MORGANTOWN — There will be no quarterback controversy at West Virginia this year.
Dana Holgorsen took care of that when he named Clint Trickett his starter before camp opened, and it probably was a good thing because there would be people harping today as camp closed with a spirited scrimmage.
The last hour of the scrimmage was open to the media, and at least while the media was present, Trickett’s first-team offense was shut out by the first-team defense, while his backup Paul Millard threw a couple of touchdown passes against the second-string defense.
The first was to K.J. Myers and the second to freshman running back Dontae Thomas-Williams.
Still, there was no disappointment with Trickett’s play.
“I think he had a great camp,” offensive coordinator Shannon Dawson said. “I thought as camp ended up, you typically — like today, I thought the defense responded and had a really good day, which is good to see, but for the most part I think he executed pretty well.”
That the defense played so well was, of course, welcome news after it struggled terribly over the past two seasons, ranking in the bottom fifth of all BCS teams.
Much emphasis was put on pass defense, both through the rush and in coverage.
The rush did seem to be improved, especially from newcomer Shaquille Riddick, a transfer from Gardner-Webb who has been the sensation of the camp.
Riddick was working with the second defense and applied constant pressure to Millard or William Crest, the freshman who showed all the tendencies you would expect out of a freshman in his first scrimmage.
“We gave up a couple of passes today,” defensive coordinator Tony Gibson said when asked about the progress his team has made in pass coverage. “That’s offense executing well and some of it was on us not getting on our man or dropping into the wrong zone.
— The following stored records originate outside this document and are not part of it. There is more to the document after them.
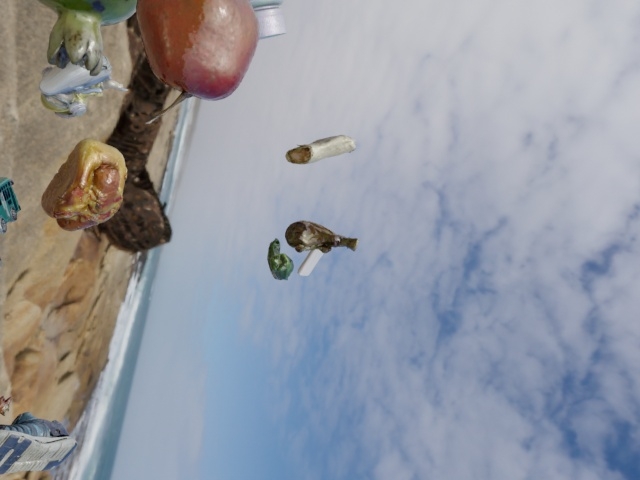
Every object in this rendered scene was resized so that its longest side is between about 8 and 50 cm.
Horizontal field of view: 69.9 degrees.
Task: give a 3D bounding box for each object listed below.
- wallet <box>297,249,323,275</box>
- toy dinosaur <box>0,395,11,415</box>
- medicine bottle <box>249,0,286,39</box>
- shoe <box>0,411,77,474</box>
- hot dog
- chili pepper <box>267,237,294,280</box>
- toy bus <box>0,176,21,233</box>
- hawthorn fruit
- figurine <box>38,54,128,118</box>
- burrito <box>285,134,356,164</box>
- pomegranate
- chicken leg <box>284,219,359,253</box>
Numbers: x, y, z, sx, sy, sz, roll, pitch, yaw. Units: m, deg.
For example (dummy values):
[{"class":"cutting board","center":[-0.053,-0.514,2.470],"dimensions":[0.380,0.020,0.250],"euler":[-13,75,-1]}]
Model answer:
[{"class":"wallet","center":[-0.015,0.039,1.203],"dimensions":[0.122,0.025,0.061],"euler":[-55,163,10]},{"class":"toy dinosaur","center":[-0.666,0.370,0.889],"dimensions":[0.049,0.055,0.154],"euler":[-1,-132,42]},{"class":"medicine bottle","center":[-0.154,-0.548,0.973],"dimensions":[0.139,0.139,0.225],"euler":[-123,-161,-66]},{"class":"shoe","center":[-0.603,0.404,0.928],"dimensions":[0.106,0.207,0.091],"euler":[38,-95,31]},{"class":"hot dog","center":[-0.597,-0.120,1.161],"dimensions":[0.257,0.150,0.153],"euler":[-41,-121,25]},{"class":"chili pepper","center":[-0.093,0.048,1.030],"dimensions":[0.182,0.050,0.073],"euler":[-142,-148,-73]},{"class":"toy bus","center":[-0.615,-0.064,0.835],"dimensions":[0.160,0.079,0.091],"euler":[-135,-142,-63]},{"class":"hawthorn fruit","center":[-0.172,-0.254,0.634],"dimensions":[0.163,0.163,0.203],"euler":[-161,-104,-72]},{"class":"figurine","center":[-0.549,-0.363,1.052],"dimensions":[0.184,0.128,0.208],"euler":[-31,-172,31]},{"class":"burrito","center":[0.011,-0.271,1.349],"dimensions":[0.087,0.226,0.060],"euler":[11,-64,50]},{"class":"pomegranate","center":[-0.465,-0.487,0.855],"dimensions":[0.242,0.243,0.305],"euler":[-32,-142,66]},{"class":"chicken leg","center":[0.000,0.000,1.070],"dimensions":[0.070,0.178,0.093],"euler":[89,15,-48]}]

“But we’re getting better,” Gibson continued. “Are we a straight lockdown man team? No. We’re not built for that, but not many teams are.”
Gibson said his biggest concern as camp closed is tackling.
“We are out of control. The biggest mistake we saw yesterday was guys’ heads down, running full speed, reaching … that’s not how we teach it. You’ve got to see what you are hitting,” Gibson said. “We have a whole terminology sheet we give them on tackling … what kind of form we want and we want to do it, so you just have to keep pounding it in them.”
In live work on Friday, there were 22 missed tackles, but after working on it in the morning, Gibson said he thought they missed only two tackles in the scrimmage.
Offensively there is much work to be done, although Dawson didn’t sound too concerned because they were using the scrimmage more for evaluation purposes than preparation.
“We wanted to develop some chemistry with the first group and figure out who are twos are. There were a lot of snaps today — a lot of backup guys in there taking reps — so we’ll see who we can trust and who we can’t,” Dawson said.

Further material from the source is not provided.